[Butel's isoelastic hip prosthesis. A limited prospective study]
- PMID: 7740132
[Butel's isoelastic hip prosthesis. A limited prospective study]
Abstract
Introduction: A limited prospective study was undertaken at the Centre Hospitalier de l'Université Laval to assess the outcome of 21 isoelastic prostheses described by Butel.
Material and methods: The femoral component consisted of a one-piece forged stainless steel stem with four metallic rods ranging in diameter from 11 to 18 mm, in 1 mm increments. The two lateral and medial rods, 20 cm in length, were linked distally. The 2 mm gap between the medial and lateral rods was obliterated at insertion, allowing the component to be firmly seated in the femoral canal. Twenty-one Butel isoelastic prostheses were inserted in 20 patients (14 men and 6 women with an average age of 51 years). The preoperative diagnosis was aseptic total hip prosthetic loosening in three cases, rheumatoid arthritis in five cases, avascular necrosis in six cases and degenerative arthritis in six cases. A standard postero-lateral approach was used in all cases. Postoperatively, the patients were mobilized immediately, with partial weight bearing on the affected side for six weeks.

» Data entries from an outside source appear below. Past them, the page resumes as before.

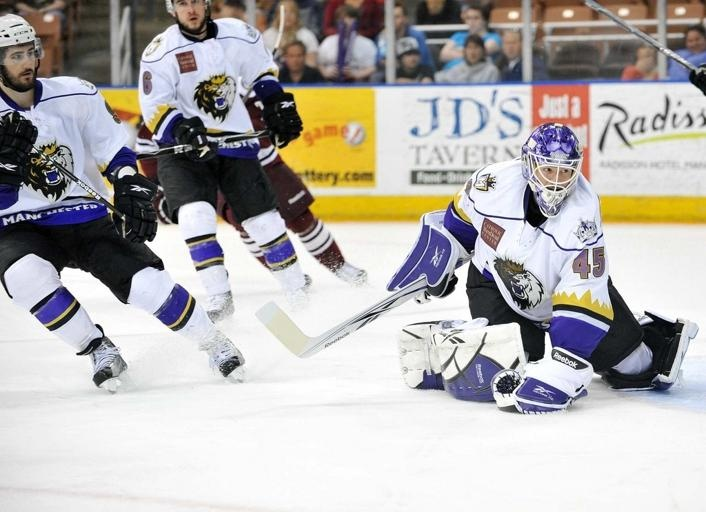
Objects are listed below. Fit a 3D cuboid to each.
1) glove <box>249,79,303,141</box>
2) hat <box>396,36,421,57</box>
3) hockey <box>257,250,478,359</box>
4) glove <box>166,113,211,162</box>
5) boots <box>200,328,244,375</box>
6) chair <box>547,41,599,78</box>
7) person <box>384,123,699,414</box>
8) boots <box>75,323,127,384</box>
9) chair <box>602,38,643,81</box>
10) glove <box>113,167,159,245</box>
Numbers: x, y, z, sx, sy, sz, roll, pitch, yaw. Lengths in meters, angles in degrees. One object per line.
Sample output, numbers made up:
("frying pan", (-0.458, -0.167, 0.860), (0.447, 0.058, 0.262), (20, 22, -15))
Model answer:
("glove", (-0.413, -0.779, 4.753), (0.208, 0.358, 0.151), (-19, -12, -44))
("hat", (0.505, -1.868, 7.822), (0.178, 0.137, 0.128), (-11, 11, -6))
("hockey", (0.068, 0.254, 4.415), (0.804, 0.240, 0.132), (-31, 15, -16))
("glove", (-0.798, -0.597, 4.376), (0.165, 0.221, 0.106), (-36, -1, -8))
("boots", (-0.591, 0.402, 3.893), (0.127, 0.108, 0.293), (35, 9, -37))
("chair", (1.965, -1.731, 7.843), (0.355, 0.412, 0.338), (2, 14, 8))
("person", (0.938, -0.021, 3.950), (0.875, 1.117, 1.402), (6, 13, 37))
("boots", (-1.061, 0.448, 3.787), (0.152, 0.119, 0.328), (36, 12, -26))
("chair", (2.358, -1.747, 7.853), (0.337, 0.322, 0.391), (0, -3, 9))
("glove", (-0.935, -0.226, 3.747), (0.202, 0.303, 0.079), (-8, -10, -43))
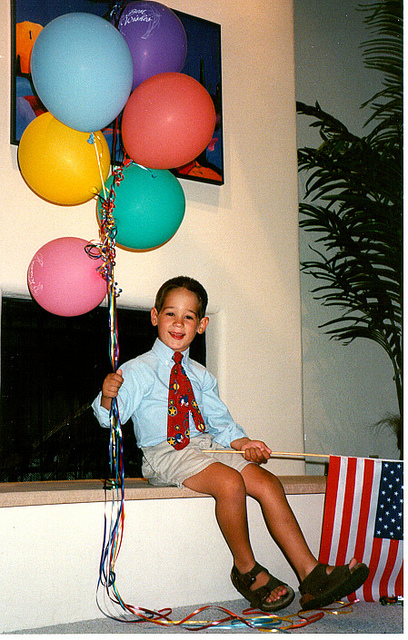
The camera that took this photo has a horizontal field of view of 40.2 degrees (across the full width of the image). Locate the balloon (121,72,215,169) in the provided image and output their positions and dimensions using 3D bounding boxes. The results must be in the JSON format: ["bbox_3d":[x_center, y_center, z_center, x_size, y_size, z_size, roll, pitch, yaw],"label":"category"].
[{"bbox_3d":[-0.112,-0.596,1.662,0.278,0.284,0.175,3,17,-1],"label":"balloon"}]

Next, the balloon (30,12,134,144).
[{"bbox_3d":[-0.344,-0.639,1.576,0.275,0.414,0.259,4,-22,-41],"label":"balloon"}]

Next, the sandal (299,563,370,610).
[{"bbox_3d":[0.294,0.600,1.282,0.059,0.182,0.076,17,32,-50],"label":"sandal"}]

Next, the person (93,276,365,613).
[{"bbox_3d":[0.038,0.290,1.484,0.706,0.917,0.569,-7,-12,32],"label":"person"}]

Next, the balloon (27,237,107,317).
[{"bbox_3d":[-0.425,-0.141,1.764,0.175,0.281,0.207,9,6,41],"label":"balloon"}]

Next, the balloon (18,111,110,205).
[{"bbox_3d":[-0.485,-0.502,1.739,0.215,0.271,0.217,-11,28,-40],"label":"balloon"}]

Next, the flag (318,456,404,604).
[{"bbox_3d":[0.459,0.576,1.691,0.237,0.440,0.162,2,2,-11],"label":"flag"}]

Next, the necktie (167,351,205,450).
[{"bbox_3d":[-0.054,0.235,1.667,0.109,0.197,0.263,3,18,-1],"label":"necktie"}]

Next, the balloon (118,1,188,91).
[{"bbox_3d":[-0.199,-0.883,1.895,0.226,0.317,0.197,-2,7,-38],"label":"balloon"}]
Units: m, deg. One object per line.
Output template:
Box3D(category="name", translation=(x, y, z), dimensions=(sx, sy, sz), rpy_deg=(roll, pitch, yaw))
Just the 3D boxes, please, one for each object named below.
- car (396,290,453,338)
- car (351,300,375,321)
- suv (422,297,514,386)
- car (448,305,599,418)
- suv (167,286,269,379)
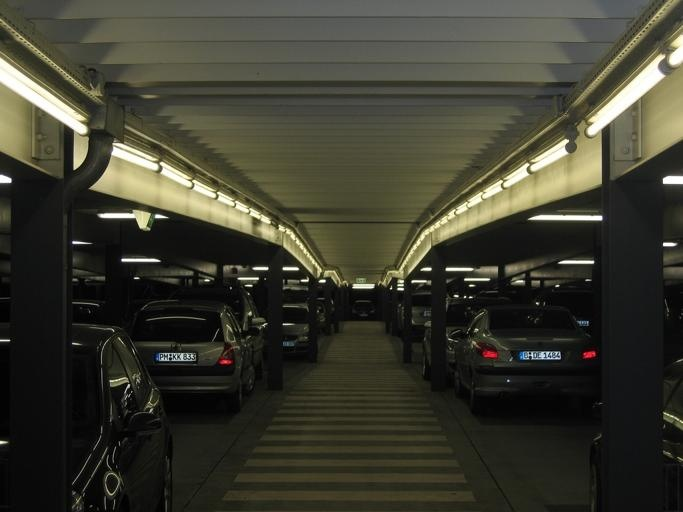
Box3D(category="car", translation=(3.076, 2.372, 27.017), dimensions=(1.337, 1.352, 3.156), rpy_deg=(0, 0, 5))
Box3D(category="car", translation=(1.943, 4.641, 55.420), dimensions=(1.860, 1.593, 2.057), rpy_deg=(1, -3, -16))
Box3D(category="suv", translation=(2.838, 1.842, 15.376), dimensions=(1.251, 1.164, 2.877), rpy_deg=(0, 0, 4))
Box3D(category="car", translation=(3.078, 1.738, 11.047), dimensions=(1.895, 1.788, 2.041), rpy_deg=(0, -3, 0))
Box3D(category="suv", translation=(-2.557, 1.680, 15.680), dimensions=(1.608, 1.513, 2.750), rpy_deg=(0, 6, 5))
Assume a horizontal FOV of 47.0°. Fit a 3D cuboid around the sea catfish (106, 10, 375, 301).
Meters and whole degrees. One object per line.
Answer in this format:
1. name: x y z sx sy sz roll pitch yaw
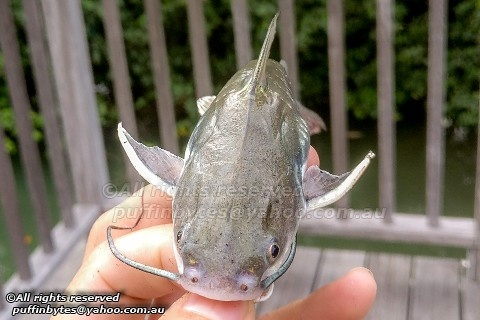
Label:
1. sea catfish: 0.108 0.136 2.102 0.811 0.479 1.377 -20 20 23
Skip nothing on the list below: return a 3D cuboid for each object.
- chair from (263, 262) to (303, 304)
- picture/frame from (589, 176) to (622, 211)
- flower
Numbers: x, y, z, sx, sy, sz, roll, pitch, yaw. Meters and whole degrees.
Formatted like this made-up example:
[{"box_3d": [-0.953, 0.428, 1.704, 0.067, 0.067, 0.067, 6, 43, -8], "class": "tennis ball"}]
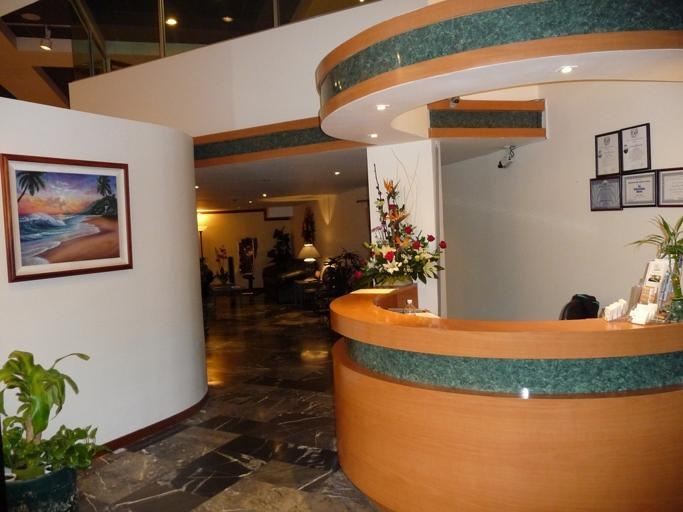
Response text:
[{"box_3d": [-1.535, 0.637, 13.908, 0.885, 1.101, 2.721, 3, 3, -15], "class": "chair"}, {"box_3d": [2.747, -0.647, 5.302, 0.420, 0.336, 0.019, -5, 5, -20], "class": "picture/frame"}, {"box_3d": [0.628, -0.349, 5.542, 0.872, 1.337, 0.942, -3, 6, 2], "class": "flower"}]
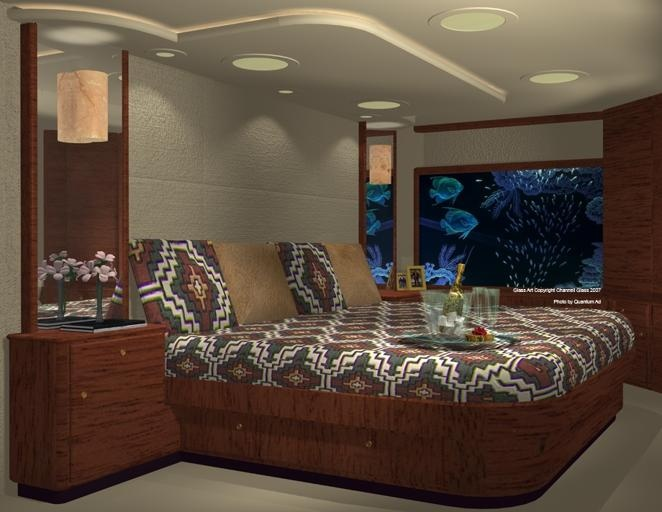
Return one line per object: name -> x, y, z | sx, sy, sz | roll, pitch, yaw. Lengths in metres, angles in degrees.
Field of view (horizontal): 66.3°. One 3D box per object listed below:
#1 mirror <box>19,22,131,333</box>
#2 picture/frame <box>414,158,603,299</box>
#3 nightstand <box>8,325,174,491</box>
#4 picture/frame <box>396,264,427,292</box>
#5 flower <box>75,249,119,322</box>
mirror -> -1.539, -0.504, 3.146 | 0.129, 1.864, 0.746 | -1, -2, 27
picture/frame -> 2.294, -0.341, 6.283 | 2.581, 1.258, 0.057 | 0, -1, 20
nightstand -> -1.283, 0.812, 2.785 | 0.813, 0.796, 0.381 | 1, -2, -24
picture/frame -> 0.952, 0.268, 6.108 | 0.410, 0.281, 0.133 | 3, -18, -17
flower -> -1.429, 0.166, 3.061 | 0.315, 0.329, 0.240 | -2, -1, -9
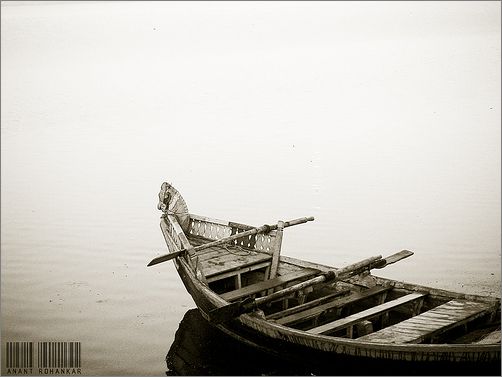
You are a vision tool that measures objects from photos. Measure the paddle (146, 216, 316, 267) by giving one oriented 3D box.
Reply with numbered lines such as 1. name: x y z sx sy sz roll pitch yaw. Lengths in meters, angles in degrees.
1. paddle: -0.278 0.643 8.140 3.161 0.224 0.377 -10 15 -39

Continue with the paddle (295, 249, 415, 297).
1. paddle: 1.227 0.966 7.632 1.350 0.190 0.145 -17 31 -29

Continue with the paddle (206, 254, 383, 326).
1. paddle: 0.458 1.113 7.317 2.043 0.221 0.122 -18 34 -14
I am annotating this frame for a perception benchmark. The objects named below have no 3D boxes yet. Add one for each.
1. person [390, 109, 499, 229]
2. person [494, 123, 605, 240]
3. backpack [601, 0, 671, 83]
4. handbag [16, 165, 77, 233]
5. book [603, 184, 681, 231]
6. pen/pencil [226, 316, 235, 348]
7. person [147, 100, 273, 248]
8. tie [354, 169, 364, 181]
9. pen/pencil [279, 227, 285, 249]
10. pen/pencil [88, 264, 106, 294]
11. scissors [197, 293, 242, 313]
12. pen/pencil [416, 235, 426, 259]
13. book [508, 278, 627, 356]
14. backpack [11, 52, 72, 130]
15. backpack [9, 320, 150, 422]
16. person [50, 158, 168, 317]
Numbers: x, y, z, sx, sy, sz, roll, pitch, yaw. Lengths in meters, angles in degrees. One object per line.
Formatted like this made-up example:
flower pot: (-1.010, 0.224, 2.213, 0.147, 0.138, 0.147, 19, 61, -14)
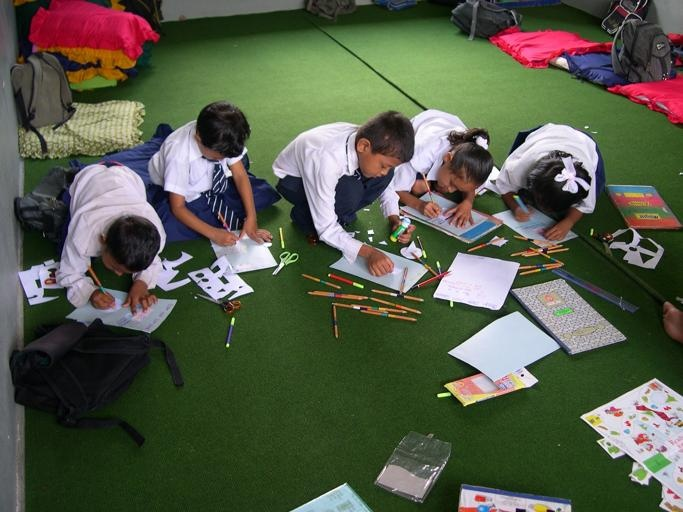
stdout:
person: (0.578, -0.563, 3.168, 0.534, 0.530, 0.905, 3, 27, -13)
person: (1.270, -0.460, 3.138, 0.622, 0.393, 0.923, 14, 35, 19)
backpack: (2.550, -1.683, 4.425, 0.538, 0.434, 0.386, 23, 38, 17)
handbag: (-1.593, -0.267, 2.887, 0.378, 0.163, 0.380, -8, 46, -10)
book: (1.795, -0.277, 3.132, 0.312, 0.086, 0.371, 7, 36, -4)
pen/pencil: (-0.511, 0.349, 2.439, 0.020, 0.018, 0.129, 36, 42, -17)
person: (-0.651, -0.436, 2.789, 0.721, 0.730, 0.505, -5, 38, -20)
tie: (0.092, -0.427, 2.789, 0.038, 0.049, 0.025, -7, 9, -15)
pen/pencil: (-0.327, -0.091, 2.915, 0.024, 0.024, 0.154, 48, 18, -31)
pen/pencil: (-1.189, 0.119, 2.565, 0.151, 0.016, 0.016, 63, 16, 8)
scissors: (-0.594, 0.225, 2.549, 0.153, 0.042, 0.088, 12, 25, -2)
pen/pencil: (0.436, -0.046, 2.870, 0.021, 0.021, 0.175, 29, 27, -35)
book: (1.080, 0.282, 2.524, 0.327, 0.078, 0.451, -10, 40, -25)
backpack: (-2.067, -1.131, 3.646, 0.348, 0.350, 0.557, -11, 40, -26)
backpack: (-1.076, 0.465, 2.182, 0.414, 0.135, 0.416, 16, 37, 10)
person: (-1.116, -0.192, 2.520, 0.427, 0.442, 0.811, -4, 62, -40)
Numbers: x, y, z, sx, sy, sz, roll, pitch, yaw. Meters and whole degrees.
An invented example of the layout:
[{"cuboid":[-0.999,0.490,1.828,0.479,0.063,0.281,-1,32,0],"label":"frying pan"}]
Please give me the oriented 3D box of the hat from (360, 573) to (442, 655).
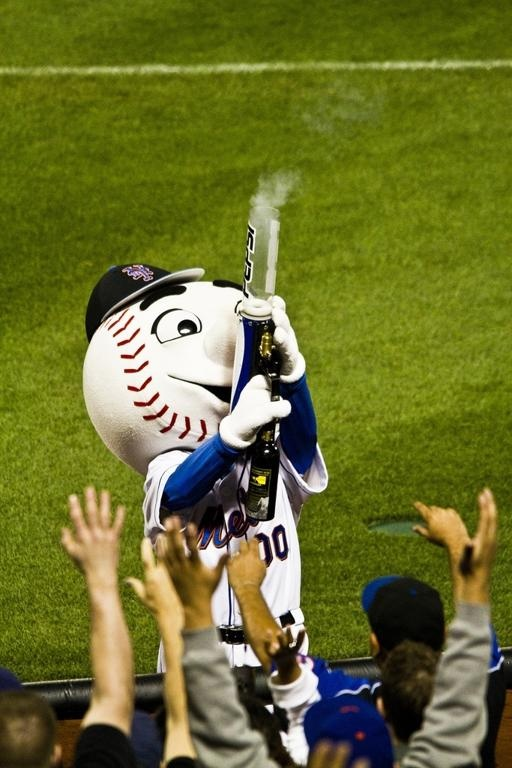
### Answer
[{"cuboid":[0.366,0.560,2.872,0.141,0.196,0.106,2,-58,1],"label":"hat"}]
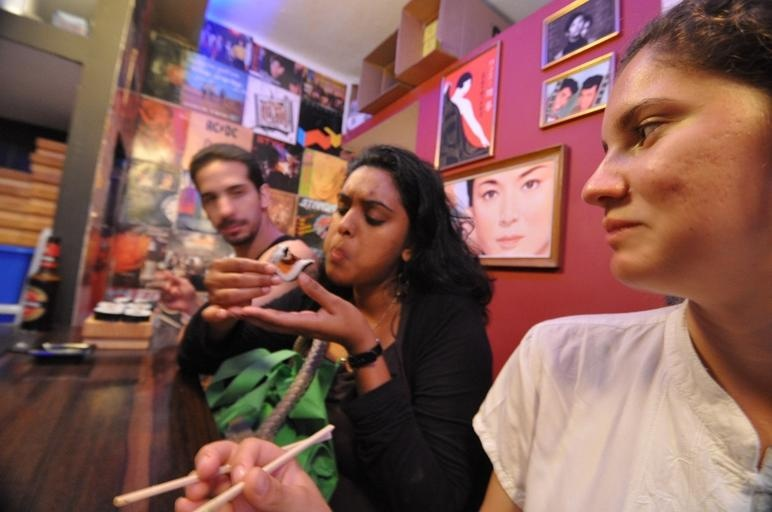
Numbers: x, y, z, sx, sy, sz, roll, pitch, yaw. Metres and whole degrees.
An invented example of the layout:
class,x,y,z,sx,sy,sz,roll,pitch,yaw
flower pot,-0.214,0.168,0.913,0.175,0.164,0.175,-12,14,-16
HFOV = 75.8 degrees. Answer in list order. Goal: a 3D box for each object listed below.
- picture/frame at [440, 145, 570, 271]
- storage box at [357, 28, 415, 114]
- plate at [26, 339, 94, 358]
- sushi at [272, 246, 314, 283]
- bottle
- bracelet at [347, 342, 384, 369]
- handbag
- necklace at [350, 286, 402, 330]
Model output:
class,x,y,z,sx,sy,sz,roll,pitch,yaw
picture/frame,0.802,-0.277,2.986,0.050,0.722,1.012,13,-9,-26
storage box,0.010,-1.504,4.011,0.182,0.437,0.520,19,-30,-31
plate,-1.215,0.353,1.866,0.158,0.033,0.095,1,-1,-16
sushi,-0.343,0.016,1.711,0.169,0.076,0.131,9,28,-19
bottle,-1.493,0.115,2.148,0.103,0.464,0.104,7,-2,0
bracelet,-0.061,0.329,1.620,0.104,0.063,0.103,-14,-8,-32
handbag,-0.339,0.559,1.609,0.391,0.376,0.224,18,-11,33
necklace,-0.049,0.226,1.981,0.146,0.163,0.184,-7,-30,-14

Results: Follow-up ranged from 24 to 34 months with an average of 28 months. One patient, who developed a late infection, was excluded from the study. Nineteen patients with 20 prostheses were reviewed clinically and roentgenographically by independent observers in the absence of the senior author. Clinically, the patients rated 11 to 58 on the preoperative Harris scale with an average of 34 while they rated 39 to 96 postoperatively with an average of 67. Eight patients were below 70 on the Harris scale postoperatively and were rated unsatisfactory. Eleven patients complained of postoperative thigh pain which was still present in three patients after two years. None complained of pain related to the acetabular component. On roentgenograms, prosthetic seating seemed to be inadequate in 14 cases but with good clinical results in 9 cases. Seating seemed to be adequate in six cases but with an unsatisfactory outcome in three cases.
Discussion: The concept of isoelasticity is that the implant and bone should deform as one unit. However, clinical results of an implant must be validated by investigators who are not developers of their own implant. The results in this series do not corroborate with those reported by Butel. A number of technical problems occurring at or after surgery precluded the safety, efficacy and durability of the surgical procedure and its successful outcome. A substantial incidence of thigh pain was found in this series. This has also been noted by a variety of authors using femoral designs with a large intramedullary rod which has less torsional stability than a flat wedge shaped femoral implant.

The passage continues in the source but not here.